After judgment there were submissions on how the claimant’s success on the Part 36 issue should affect the costs of the appeal.  There is also

  1. In accordance with the normal practice governed by Practice Direction 40E of the Civil Procedure Rules (“CPR”) a draft judgment was circulated to the parties on a confidential basis on 22 May 2018. It was directed that the parties should either file an agreed order or make written submissions on any outstanding consequential matters by 4 pm on 5 June 2018. The Respondent complied with that direction. The Appellant, who by then appears to have been acting in person again, did not comply. He has not given any explanation for his failure to comply. Further, this Court has been informed that he has failed to respond to attempts by the Respondent to seek agreement on consequential matters, on 29 May 2018 and again on 4 June 2018. Rather than engaging with the Court or the Respondent the Appellant has made written submissions dated 6 June 2018. I have taken those submissions into account despite the Appellant’s failures so as to avoid any risk of injustice.
  2. The Respondent applies for its costs of the appeal except that the Respondent accepts that it should bear the cost of its own Respondent’s Notice in the costs appeal. The Appellant resists that application and submits that the Respondent should pay his costs in the Court of Appeal (if any).
  3. The starting point is the general rule in CPR 44.2(2) that the unsuccessful party will be ordered to pay the costs of the successful party. In the present case, the Respondent is undoubtedly the successful party in the substantive appeal. As a matter of common sense it was the substantive appeal which concerned the real issue in dispute between the parties. It was the substantive appeal which took up the vast amount of the time needed both in preparation and at the hearing itself.
  4. The Respondent submits that the Court should not make a split order as to costs. The Appellant agrees although he disagrees as to the costs order that should be made.
  5. I accept the submissions made on behalf of the Respondent. Any percentage reduction to the costs payable would either be miniscule or would risk unfairness because it would not properly reflect the victory which the Respondent has secured. The justice of the case overall (in particular the fact that the costs appeal was allowed) can be properly reflected by not permitting the costs of the Respondent’s Notice. It is difficult to see what costs the Appellant can have incurred in relation to the costs appeal.
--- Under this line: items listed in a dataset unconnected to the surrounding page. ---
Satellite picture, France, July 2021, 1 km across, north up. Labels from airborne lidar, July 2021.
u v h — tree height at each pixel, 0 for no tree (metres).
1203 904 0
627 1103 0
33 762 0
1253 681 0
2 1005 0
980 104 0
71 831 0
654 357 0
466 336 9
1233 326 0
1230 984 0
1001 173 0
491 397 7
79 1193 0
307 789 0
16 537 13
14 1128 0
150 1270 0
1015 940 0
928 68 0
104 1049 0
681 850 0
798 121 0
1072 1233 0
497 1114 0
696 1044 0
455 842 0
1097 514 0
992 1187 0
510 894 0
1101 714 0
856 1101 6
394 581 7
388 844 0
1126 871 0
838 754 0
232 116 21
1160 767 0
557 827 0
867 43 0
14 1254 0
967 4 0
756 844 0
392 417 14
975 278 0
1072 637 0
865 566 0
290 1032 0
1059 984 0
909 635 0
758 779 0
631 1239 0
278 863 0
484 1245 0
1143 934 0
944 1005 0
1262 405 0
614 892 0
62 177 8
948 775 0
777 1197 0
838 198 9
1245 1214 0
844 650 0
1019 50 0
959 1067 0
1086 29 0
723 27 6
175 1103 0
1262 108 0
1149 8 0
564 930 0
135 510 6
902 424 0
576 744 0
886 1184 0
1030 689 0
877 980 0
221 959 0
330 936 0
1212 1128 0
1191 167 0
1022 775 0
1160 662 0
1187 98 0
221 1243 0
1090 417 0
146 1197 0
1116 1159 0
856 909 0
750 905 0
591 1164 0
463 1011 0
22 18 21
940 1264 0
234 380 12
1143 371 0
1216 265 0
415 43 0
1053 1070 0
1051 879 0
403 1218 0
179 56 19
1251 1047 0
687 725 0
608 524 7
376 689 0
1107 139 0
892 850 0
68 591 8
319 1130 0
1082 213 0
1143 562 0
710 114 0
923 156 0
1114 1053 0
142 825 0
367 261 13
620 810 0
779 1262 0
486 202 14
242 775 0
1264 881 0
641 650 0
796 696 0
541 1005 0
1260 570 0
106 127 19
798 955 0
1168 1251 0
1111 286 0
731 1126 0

  6. The basis for the Appellant’s objection to the Respondent’s application for its costs is that he submits that the Respondent unreasonably refused to mediate. I do not accept that submission. This is not a case which is analogous to PGF II SA v OMFS [2013] EWCA Civ 1288. This is not a case in which the Respondent was “silent” in response to an invitation to mediate. To the contrary, from the outset it expressly stated that it wished to engage in the Court of Appeal mediation scheme. It was the Appellant who declined to participate in that scheme because he suggested an alternative approach, by way of a meeting which he would attend only on certain conditions which were not acceptable to the Respondent. In the circumstances of this case therefore I do not consider that there is any good reason to depart from the normal order as to costs.
  7. Accordingly I would order that the Appellant shall pay the Respondent’s costs of the appeal, save that the Respondent shall bear the costs of its own Respondent’s Notice. I do not accept that this is a case which is suitable for summary assessment, as the Appellant has suggested. This is a case which is eminently suited to detailed assessment by a costs judge if agreement cannot be reached.